Supplied material:

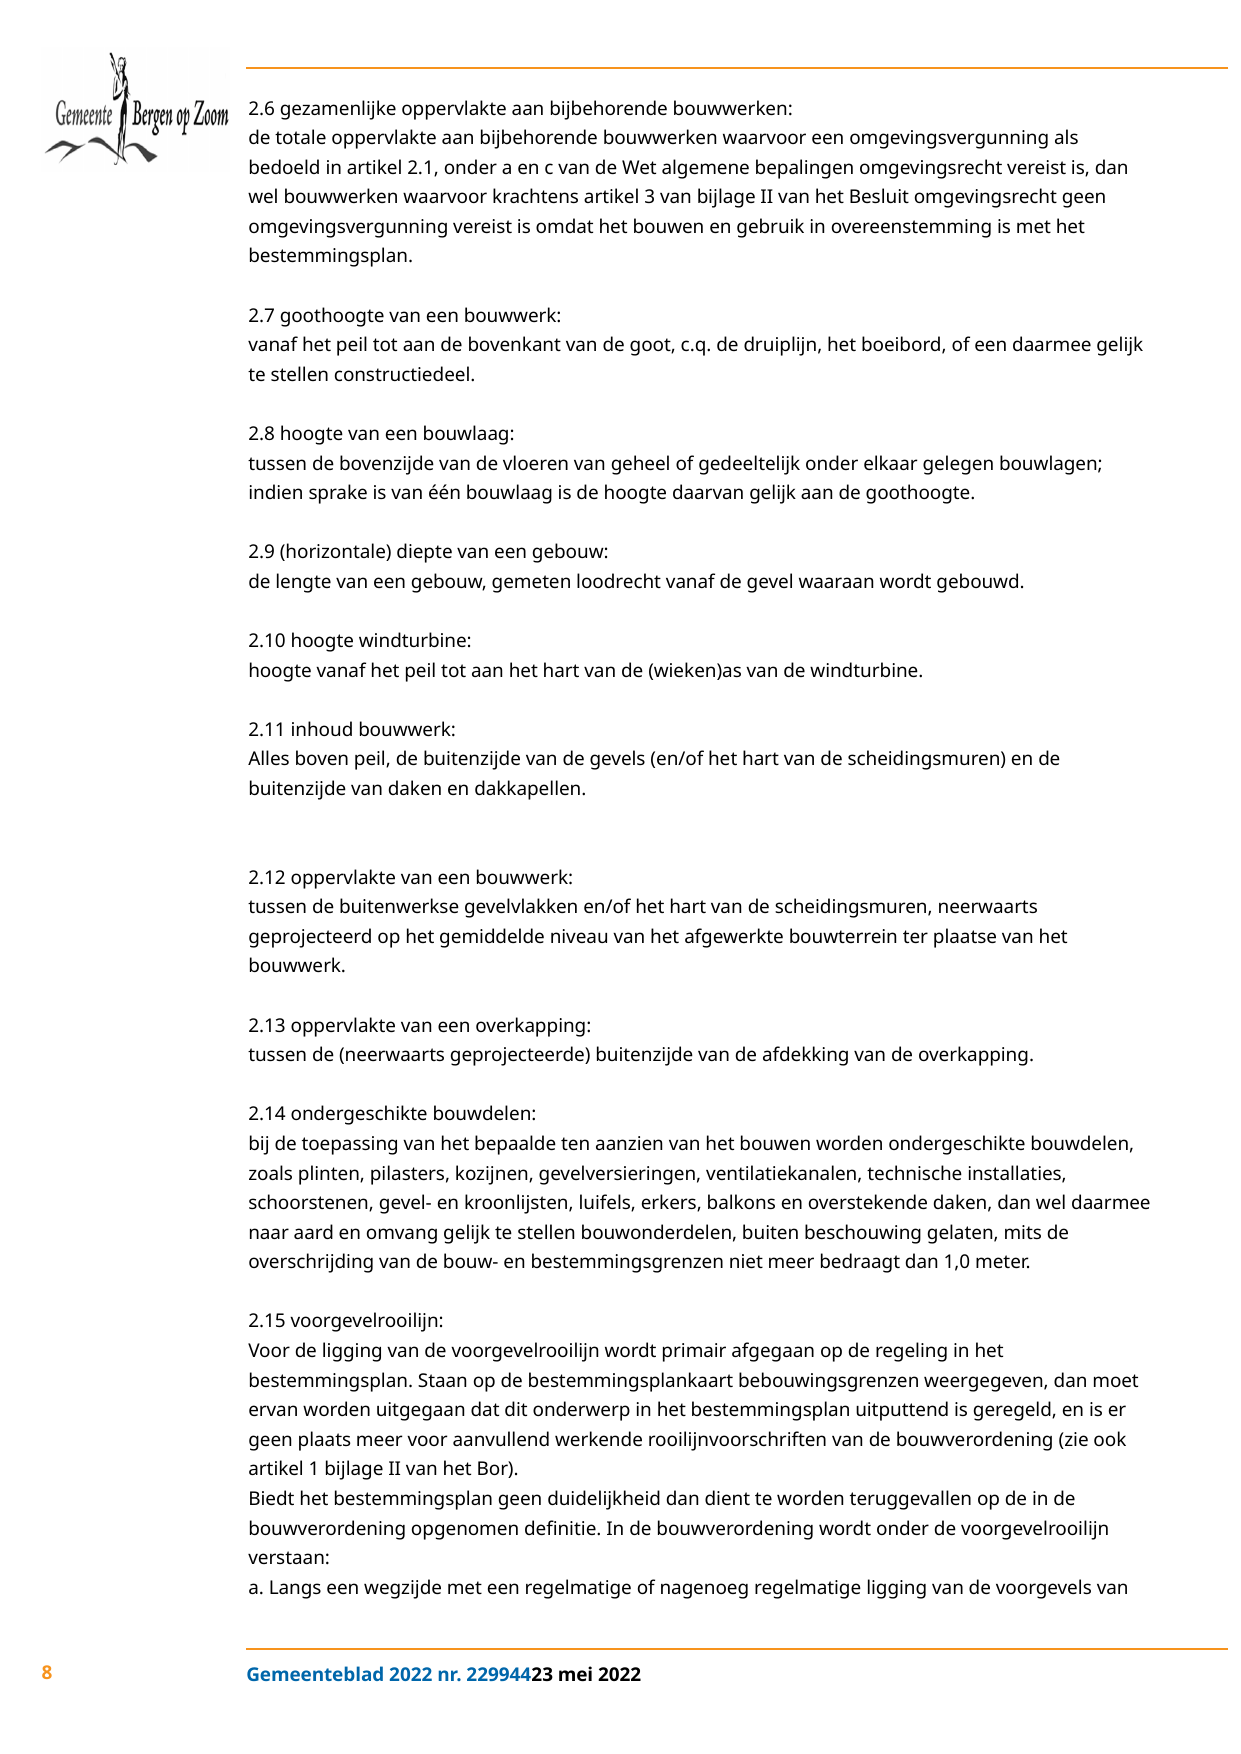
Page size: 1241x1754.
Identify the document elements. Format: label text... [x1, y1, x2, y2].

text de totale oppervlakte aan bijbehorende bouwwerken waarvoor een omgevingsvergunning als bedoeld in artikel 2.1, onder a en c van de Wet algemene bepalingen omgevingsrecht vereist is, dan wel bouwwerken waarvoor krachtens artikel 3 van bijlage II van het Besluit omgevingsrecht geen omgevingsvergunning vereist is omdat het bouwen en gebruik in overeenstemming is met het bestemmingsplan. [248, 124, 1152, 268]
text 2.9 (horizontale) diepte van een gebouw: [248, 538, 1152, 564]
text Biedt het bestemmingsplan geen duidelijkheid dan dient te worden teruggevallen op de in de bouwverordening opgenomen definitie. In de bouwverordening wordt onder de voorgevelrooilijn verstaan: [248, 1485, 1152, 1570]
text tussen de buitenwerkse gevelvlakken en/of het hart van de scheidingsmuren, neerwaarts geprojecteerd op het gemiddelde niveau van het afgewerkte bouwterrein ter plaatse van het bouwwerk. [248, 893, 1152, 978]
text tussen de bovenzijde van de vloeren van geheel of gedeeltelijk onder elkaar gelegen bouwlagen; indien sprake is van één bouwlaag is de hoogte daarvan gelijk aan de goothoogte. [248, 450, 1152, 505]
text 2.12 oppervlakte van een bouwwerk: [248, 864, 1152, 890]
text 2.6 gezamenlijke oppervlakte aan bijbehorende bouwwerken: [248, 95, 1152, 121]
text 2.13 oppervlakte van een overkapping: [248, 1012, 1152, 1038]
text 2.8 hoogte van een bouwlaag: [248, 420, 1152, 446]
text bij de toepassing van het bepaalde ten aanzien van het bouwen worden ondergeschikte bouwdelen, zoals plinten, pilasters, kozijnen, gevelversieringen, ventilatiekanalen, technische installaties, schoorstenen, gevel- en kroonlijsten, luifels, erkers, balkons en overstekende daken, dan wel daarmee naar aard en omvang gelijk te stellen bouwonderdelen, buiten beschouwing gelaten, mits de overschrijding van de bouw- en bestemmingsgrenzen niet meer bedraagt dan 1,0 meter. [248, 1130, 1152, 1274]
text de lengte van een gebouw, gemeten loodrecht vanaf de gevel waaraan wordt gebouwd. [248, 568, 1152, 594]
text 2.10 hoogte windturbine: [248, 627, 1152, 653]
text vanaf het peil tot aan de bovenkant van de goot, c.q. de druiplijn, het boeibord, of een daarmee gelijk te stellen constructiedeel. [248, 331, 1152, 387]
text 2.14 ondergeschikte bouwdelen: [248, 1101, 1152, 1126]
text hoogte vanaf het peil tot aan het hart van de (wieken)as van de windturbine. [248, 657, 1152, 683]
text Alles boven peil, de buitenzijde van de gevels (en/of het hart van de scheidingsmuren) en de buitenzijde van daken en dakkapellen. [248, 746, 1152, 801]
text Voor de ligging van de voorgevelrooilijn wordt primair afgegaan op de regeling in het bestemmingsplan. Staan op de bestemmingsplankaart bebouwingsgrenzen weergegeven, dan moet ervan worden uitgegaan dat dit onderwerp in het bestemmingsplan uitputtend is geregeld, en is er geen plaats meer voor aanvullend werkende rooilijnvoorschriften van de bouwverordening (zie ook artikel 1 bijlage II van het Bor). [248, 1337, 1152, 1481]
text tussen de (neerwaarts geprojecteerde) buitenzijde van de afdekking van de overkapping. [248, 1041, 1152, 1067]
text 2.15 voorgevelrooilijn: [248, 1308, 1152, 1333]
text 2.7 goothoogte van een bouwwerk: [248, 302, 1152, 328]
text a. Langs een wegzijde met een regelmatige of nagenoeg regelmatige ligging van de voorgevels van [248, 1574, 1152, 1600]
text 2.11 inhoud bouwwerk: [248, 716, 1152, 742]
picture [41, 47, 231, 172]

What is needed:
Check each line above for "bouwen" and please state only how many have it.

Response:
2